#### What you are asked to do
Gather all lines in the data that hold the string "Perneš".

#### Listed entries
◇ ◇ ◇ ◇ ◇
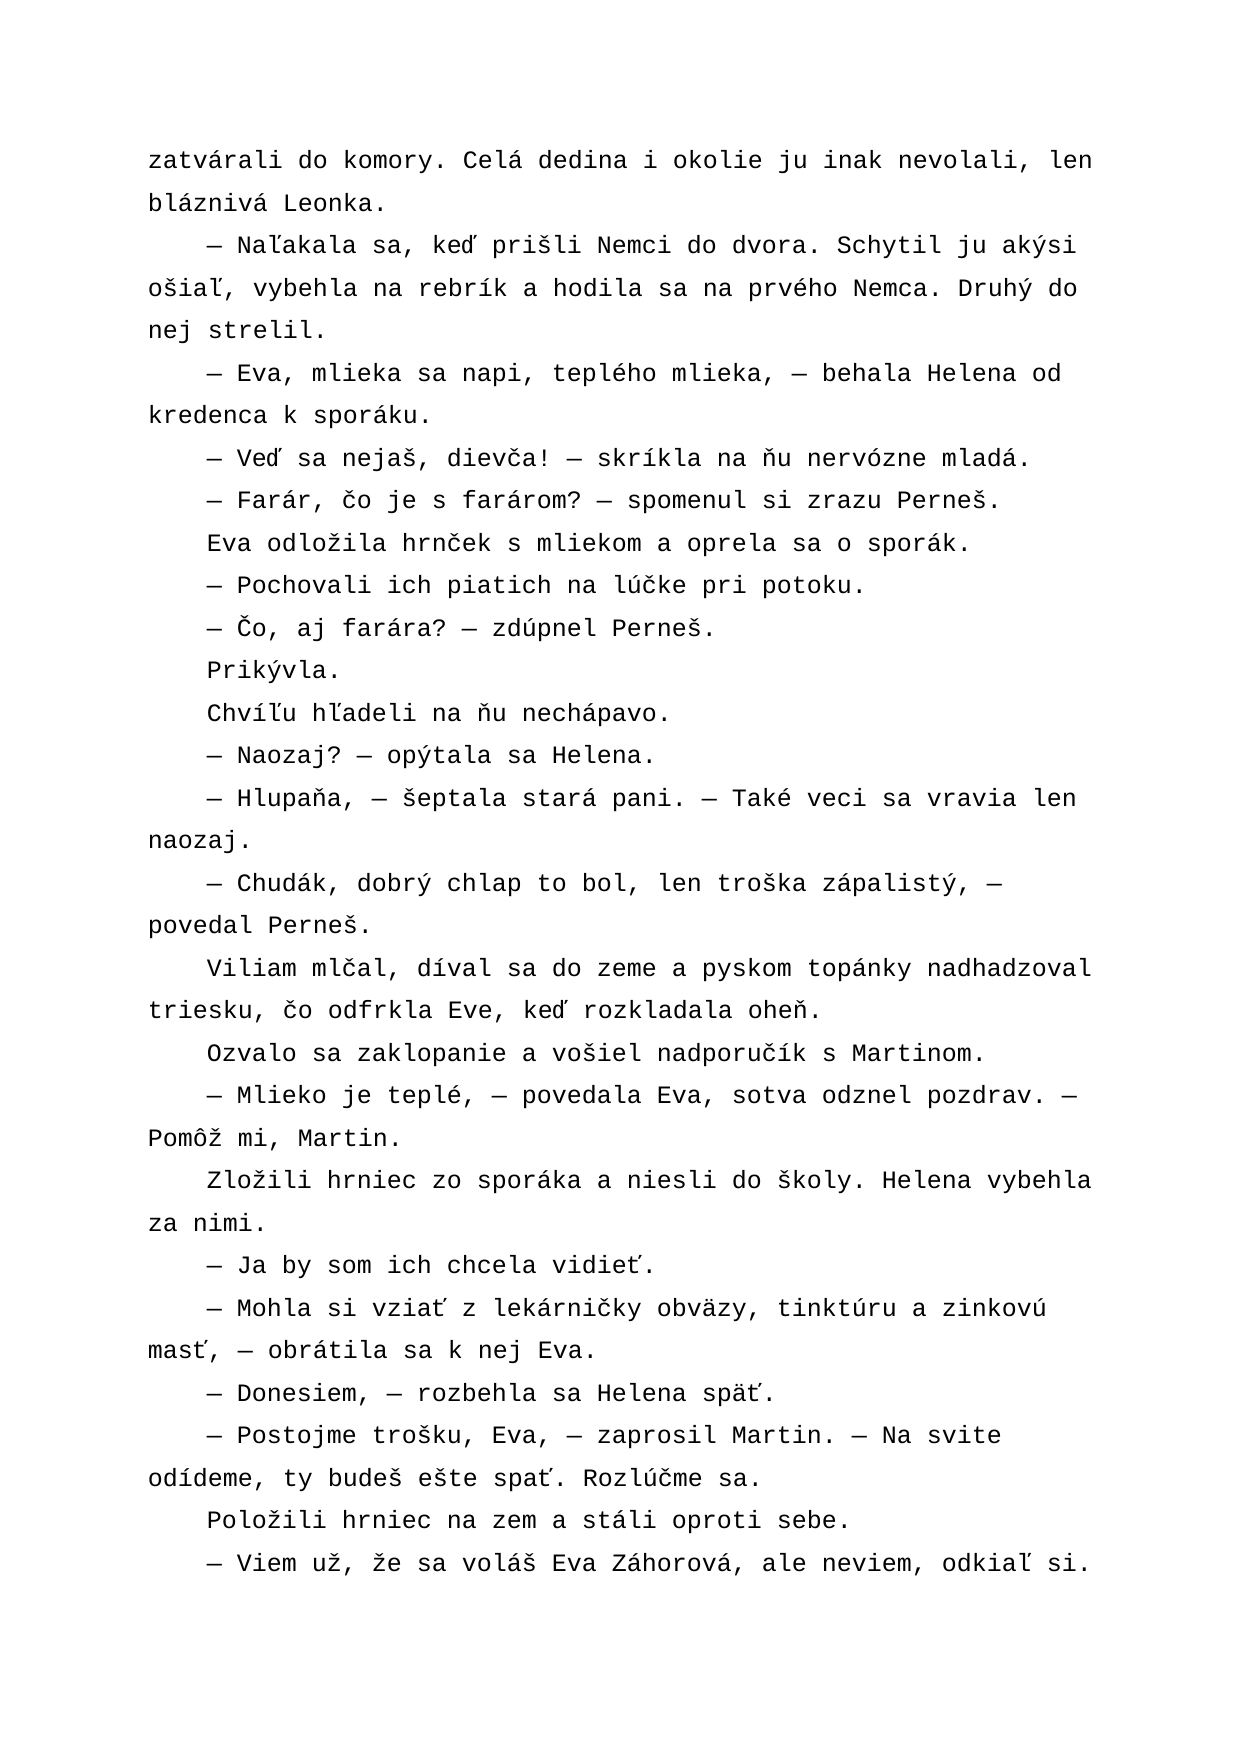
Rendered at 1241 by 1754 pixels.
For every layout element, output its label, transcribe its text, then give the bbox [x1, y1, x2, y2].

text — Donesiem, — rozbehla sa Helena späť. [148, 1380, 1093, 1408]
text Eva odložila hrnček s mliekom a oprela sa o sporák. [148, 530, 1093, 558]
text Chvíľu hľadeli na ňu nechápavo. [148, 700, 1093, 728]
text — Postojme trošku, Eva, — zaprosil Martin. — Na svite odídeme, ty budeš ešte spať. Rozlúčme sa. [148, 1423, 1093, 1493]
text — Mohla si vziať z lekárničky obväzy, tinktúru a zinkovú masť, — obrátila sa k nej Eva. [148, 1295, 1093, 1366]
text — Naľakala sa, keď prišli Nemci do dvora. Schytil ju akýsi ošiaľ, vybehla na rebrík a hodila sa na prvého Nemca. Druhý do nej strelil. [148, 233, 1093, 346]
text — Farár, čo je s farárom? — spomenul si zrazu Perneš. [148, 488, 1093, 516]
text — Mlieko je teplé, — povedala Eva, sotva odznel pozdrav. — Pomôž mi, Martin. [148, 1083, 1093, 1153]
text — Veď sa nejaš, dievča! — skríkla na ňu nervózne mladá. [148, 445, 1093, 473]
text Ozvalo sa zaklopanie a vošiel nadporučík s Martinom. [148, 1040, 1093, 1068]
text Položili hrniec na zem a stáli oproti sebe. [148, 1508, 1093, 1536]
text — Čo, aj farára? — zdúpnel Perneš. [148, 615, 1093, 643]
text — Hlupaňa, — šeptala stará pani. — Také veci sa vravia len naozaj. [148, 785, 1093, 856]
text Prikývla. [148, 658, 1093, 686]
text zatvárali do komory. Celá dedina i okolie ju inak nevolali, len bláznivá Leonka. [148, 148, 1093, 218]
text — Eva, mlieka sa napi, teplého mlieka, — behala Helena od kredenca k sporáku. [148, 360, 1093, 431]
text — Ja by som ich chcela vidieť. [148, 1253, 1093, 1281]
text Viliam mlčal, díval sa do zeme a pyskom topánky nadhadzoval triesku, čo odfrkla Eve, keď rozkladala oheň. [148, 955, 1093, 1026]
text — Viem už, že sa voláš Eva Záhorová, ale neviem, odkiaľ si. [148, 1550, 1093, 1578]
text — Pochovali ich piatich na lúčke pri potoku. [148, 573, 1093, 601]
text Zložili hrniec zo sporáka a niesli do školy. Helena vybehla za nimi. [148, 1168, 1093, 1238]
text — Chudák, dobrý chlap to bol, len troška zápalistý, — povedal Perneš. [148, 870, 1093, 941]
text — Naozaj? — opýtala sa Helena. [148, 743, 1093, 771]
◇ ◇ ◇ ◇ ◇
#### Solution
text — Farár, čo je s farárom? — spomenul si zrazu Perneš. [148, 488, 1093, 516]
text — Čo, aj farára? — zdúpnel Perneš. [148, 615, 1093, 643]
text — Chudák, dobrý chlap to bol, len troška zápalistý, — povedal Perneš. [148, 870, 1093, 941]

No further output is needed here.